California publisher C. K. (Charles Kenny) McClatchy founds the Fresno Bee and starts buying radio stations (see 1857). Now 54, McClatchy became a full partner with his late father in the Sacramento Bee at age 21 and has fought the power of the Southern Pacific Railroad. His brother Valentine will sell his interest to C. K. in 1923, C. K. will buy the Sacramento Star and merge it with the Sacramento Bee in 1925, and by the time he dies in 1936 his paper will have a circulation of 50,000 as compared with 10,000 for its rival Sacramento Union.
Charles Atlas wins the "World's Most Perfectly Developed Man" contest sponsored by Physical Culture magazine publisher Bernarr MacFadden. Brooklyn-born Angelo Siciliano, 28, is a former 97-pound weakling who has built himself up with exercises he claims to have developed after watching a lion at the zoo. He will win MacFadden's contest again next year, will open a Manhattan gymnasium in 1926, and by 1927 his Charles Atlas, Ltd., will be taking in $1,000 per day from students who subscribe to his mail-order physical culture course (see Roman, 1929).

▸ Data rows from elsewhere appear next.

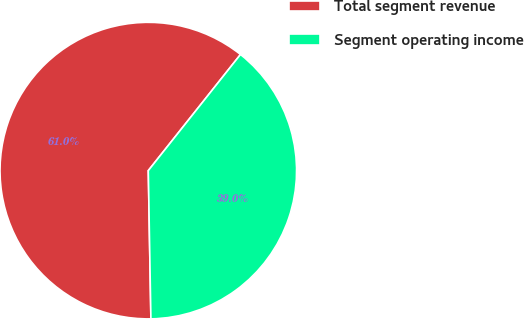<chart> <loc_0><loc_0><loc_500><loc_500><pie_chart><fcel>Total segment revenue<fcel>Segment operating income<nl><fcel>60.96%<fcel>39.04%<nl></chart> 
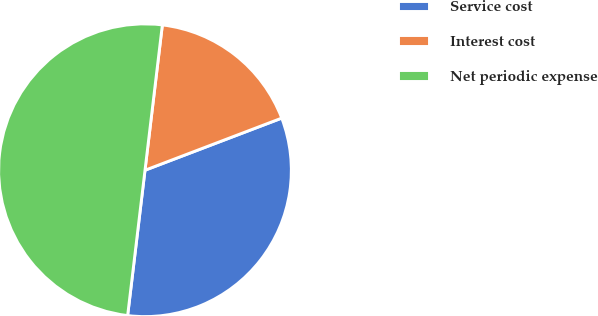<chart> <loc_0><loc_0><loc_500><loc_500><pie_chart><fcel>Service cost<fcel>Interest cost<fcel>Net periodic expense<nl><fcel>32.69%<fcel>17.31%<fcel>50.0%<nl></chart> 
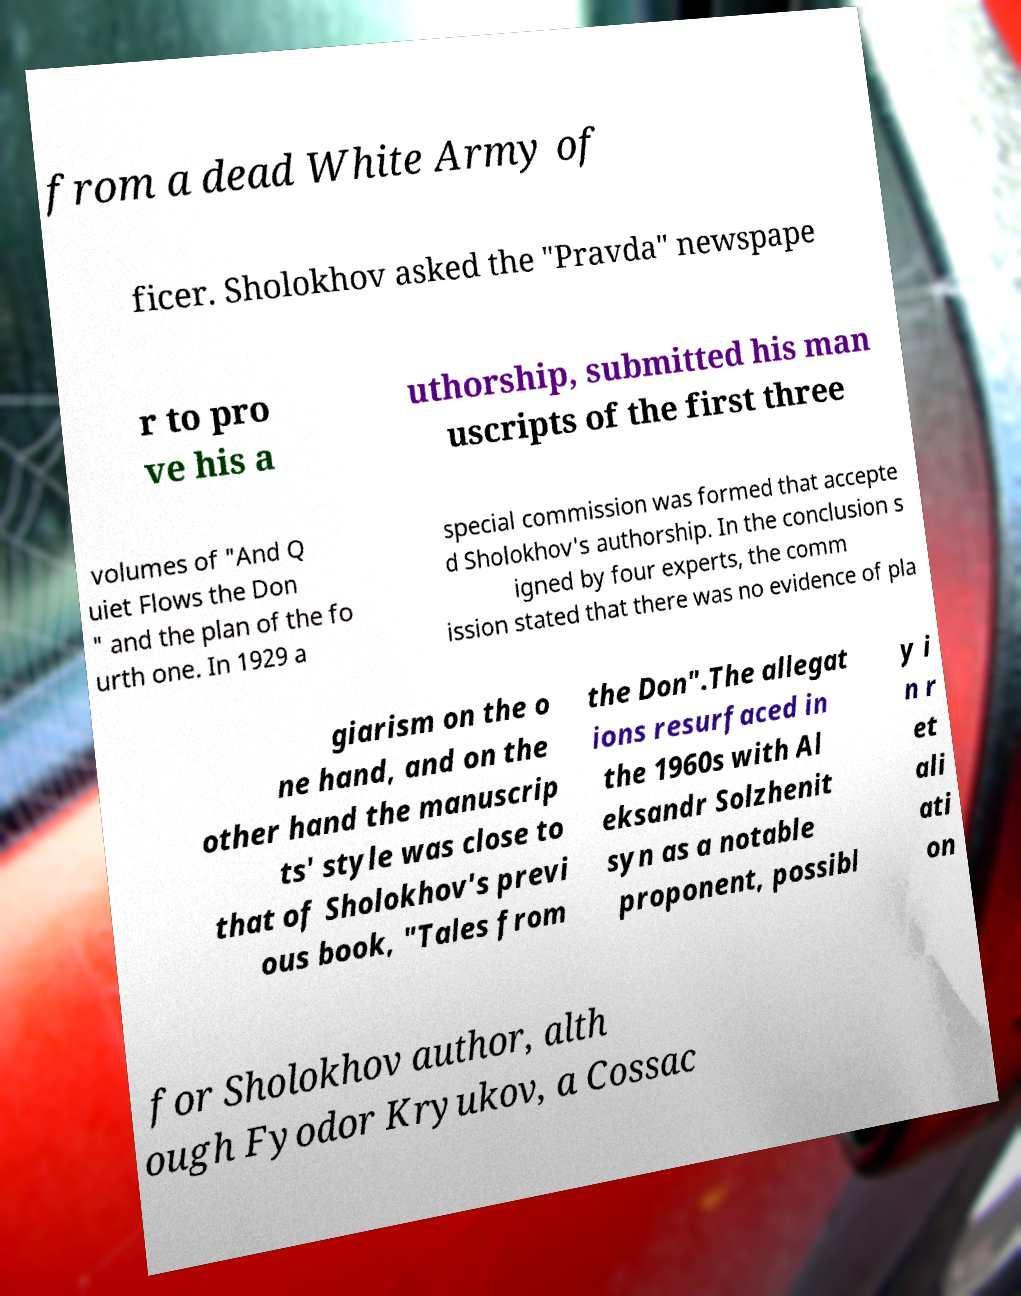There's text embedded in this image that I need extracted. Can you transcribe it verbatim? from a dead White Army of ficer. Sholokhov asked the "Pravda" newspape r to pro ve his a uthorship, submitted his man uscripts of the first three volumes of "And Q uiet Flows the Don " and the plan of the fo urth one. In 1929 a special commission was formed that accepte d Sholokhov's authorship. In the conclusion s igned by four experts, the comm ission stated that there was no evidence of pla giarism on the o ne hand, and on the other hand the manuscrip ts' style was close to that of Sholokhov's previ ous book, "Tales from the Don".The allegat ions resurfaced in the 1960s with Al eksandr Solzhenit syn as a notable proponent, possibl y i n r et ali ati on for Sholokhov author, alth ough Fyodor Kryukov, a Cossac 
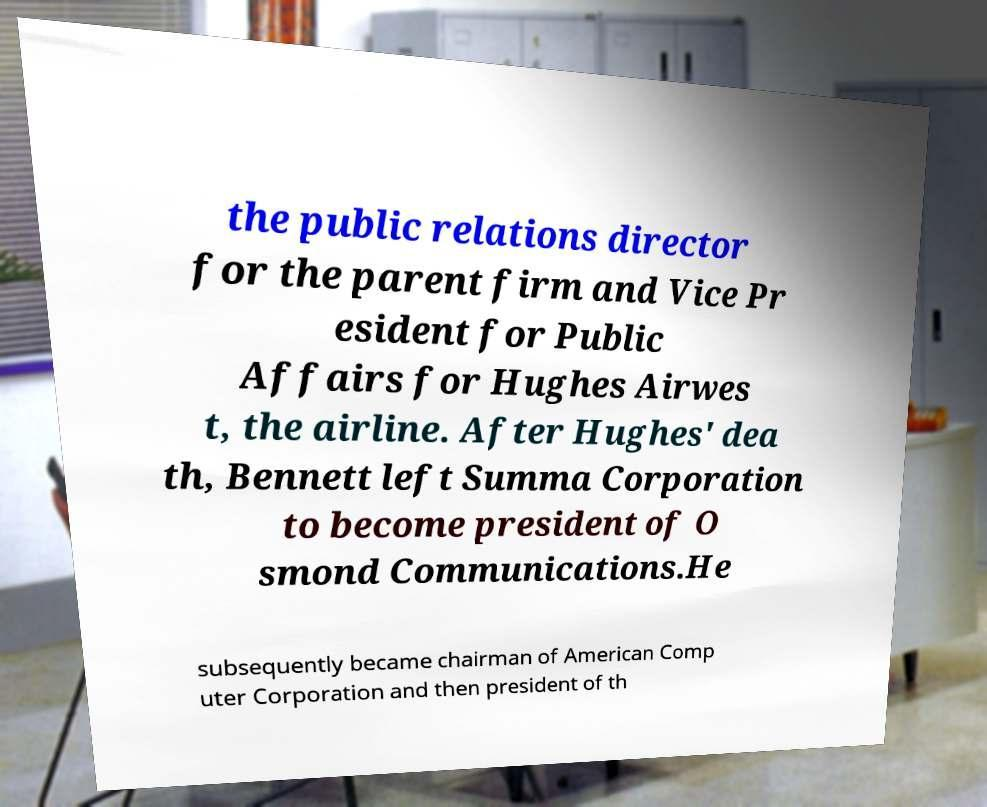Please read and relay the text visible in this image. What does it say? the public relations director for the parent firm and Vice Pr esident for Public Affairs for Hughes Airwes t, the airline. After Hughes' dea th, Bennett left Summa Corporation to become president of O smond Communications.He subsequently became chairman of American Comp uter Corporation and then president of th 
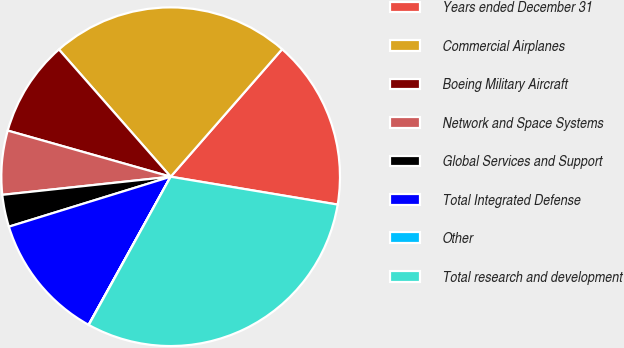Convert chart to OTSL. <chart><loc_0><loc_0><loc_500><loc_500><pie_chart><fcel>Years ended December 31<fcel>Commercial Airplanes<fcel>Boeing Military Aircraft<fcel>Network and Space Systems<fcel>Global Services and Support<fcel>Total Integrated Defense<fcel>Other<fcel>Total research and development<nl><fcel>16.2%<fcel>22.9%<fcel>9.14%<fcel>6.1%<fcel>3.06%<fcel>12.18%<fcel>0.02%<fcel>30.4%<nl></chart> 
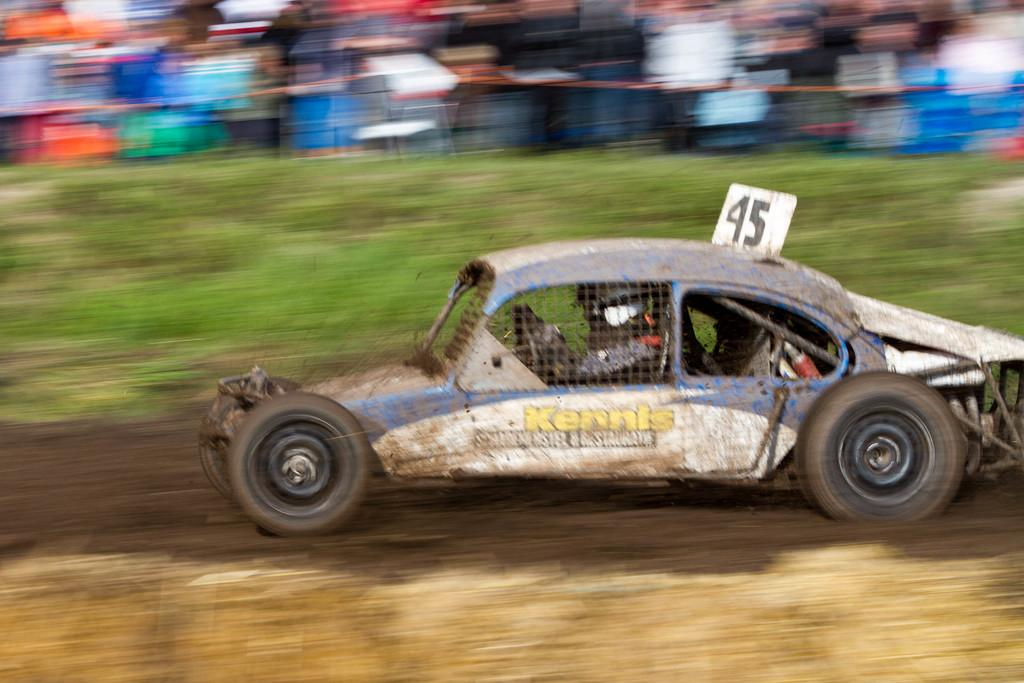What is the main subject in the foreground of the image? There is a car in the foreground of the image. What is the car doing in the image? The car is moving on the ground. Can you describe the background of the image? The background of the image is blurred. How many moons can be seen in the image? There are no moons visible in the image; it features a car moving on the ground with a blurred background.

Bayonne Times publisher Samuel I. Newhouse persuades his employer Hyman Lazarus to join him in buying a 51 percent interest in the Staten Island Advance for $98,000 (see 1911). Lazarus will sell his stake to Newhouse and two associates in 1924. Newhouse will acquire a 60 percent interest in the Advance that year; he will buy out his associates in 1928 for $198,000; and by 1955 the Newhouse chain will include the Long Island Press, Newark Star-Ledger, Syracuse Post-Standard, Herald-Journal, and Herald-American, St. Louis Globe-Democrat, Portland Oregonian, and Portland (Oregon) Journal.
British press lord Alfred C. W. Harmsworth, Viscount Northcliffe, dies at London August 14 at age 57, having ruined his health through megalomania; his younger brother Harold, Viscount Rothermere, survives. New York-born journalist John Jacob Astor, 36, 1st Baron Astor, acquires a 90-percent interest in the Times of London from the Harmsworth estate and enters Parliament as a Unionist; he will control the Times until 1966.